Closed maxall41 closed 1 year ago
Thanks Max! Just to be sure, I assume you created a Coiled cluster (cluster = coiled.Cluster(..)
) and the client is attached to your cluster (client = cluster.get_client()
)?
What do you see that indicates it's on one node? (Looking at the scheduler dashboard and you see work on one node?)
Yes i created the cluster and attached it to the client. In the dashboard a single node's CPU get's pinned to >100% while the rest are around 5% - 10%. And the memory on the node with the high CPU usage also starts spilling into disk.
It looks like you're mixing a few different abstractions here:
with joblib.parallel_backend('dask'):
Is the following line dask.delayed
or joblib.delayed
. It looks like you're trying to use joblib, but then you treat this object as though it were a Dask thing.
df_majority_downsampled = delayed(resample)(df_majority,
replace=False,
n_samples=n_samples,
random_state=123)
# data = dd.concat([df_majority_downsampled.compute(),df_minority]).
It looks like you ask for one task to run on a remote machine, then you gather it locally, then you put it back into a Dask thing (but the data is on your local computer now).
data = dd.concat([client.gather(wait(df_majority_downsampled.persist()).done),df_minority])
In short, I suspect that you are mixing joblib, dask delayed, dask futures, and dask dataframes in a way that is probably not doing what you're trying to do. I recommend trying to reduce the number of APIs active here, like just using Joblib or just using Dask futures and maybe things will work themselves out.

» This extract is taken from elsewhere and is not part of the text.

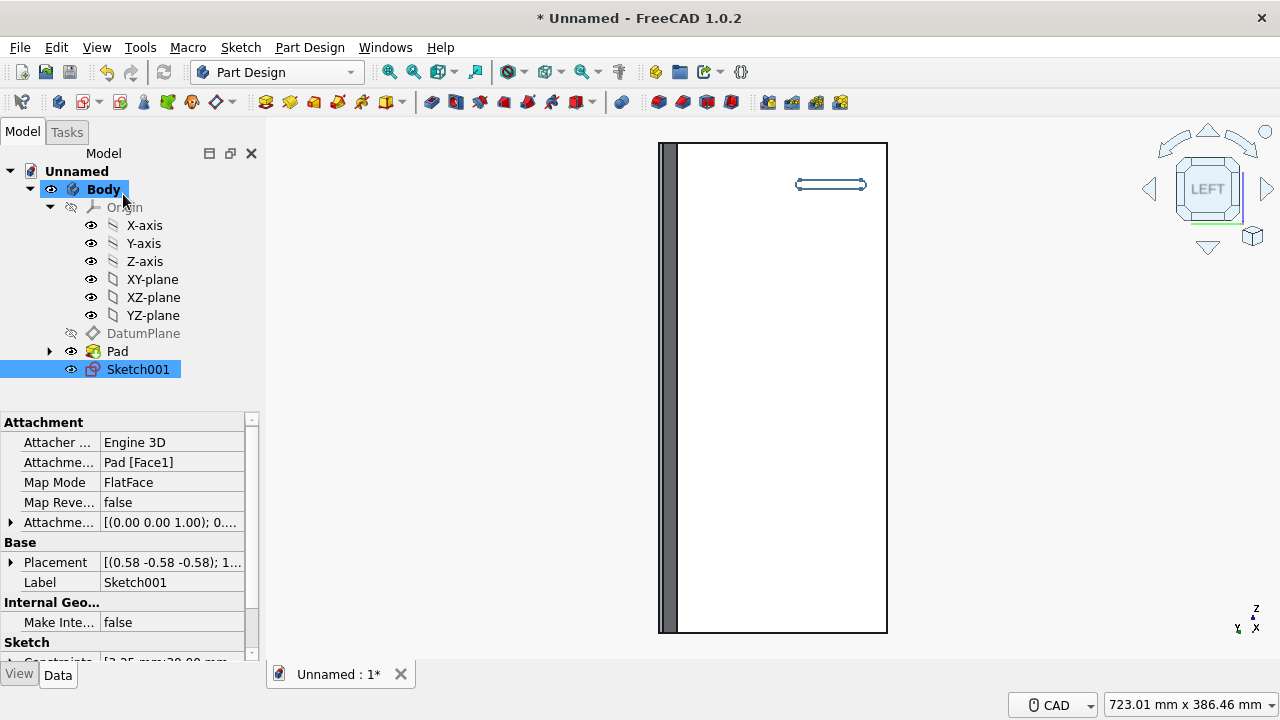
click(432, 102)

If you say more about what you want to achieve I suspect that we can point you towards a ready example.
Yeah i was trying to avoid using dask delayed()
here but it seems to be necessary otherwise i get:
TypeError: Truth of Delayed objects is not supported
Im pretty new to using Dask, and joblib so I'm assuming that using joblib.delayed
instead of dask.delayed
would be the correct way todo this, but I'm not sure how to use joblib.delayed
and then combine the under-sampled majority with the minority in a dask dataframe. For context I'm trying to balance a weather dataset based on the precipitation value for a given day.
Unfortunately the context you're providing doesn't give us enough information to help you effectively. For example "For context I'm trying to balance a weather dataset based on the precipitation value for a given day" could mean many different things based on how your data is stored, etc..
I recommend starting from an example, like one of these.
For context, there are many different APIs that use Dask. You're kinda mixing a lot of them. As an example if someone didn't know pandas/scikit-learn/numpy/python it's as though they wrote code like the following:
df = pandas.read_csv(...)
df.fit(numpy.dot(5))
It's mixing a bunch of abstractions. They all work well on their own, but mixing them doesn't make a lot of sense. I recommend using 1-2 of them. Don't use joblib and dask delayed together for example. They do the same thing.
Again, I recommend starting from an example.
Describe the bug Im trying to parallelize the scikit-learn resample function to balance a dataset. But i can't find a good way todo this in a distributed method I have tried the below code but it seems to only run on one node and not the others:
Does anybody know why this might be happening or how i can fix it?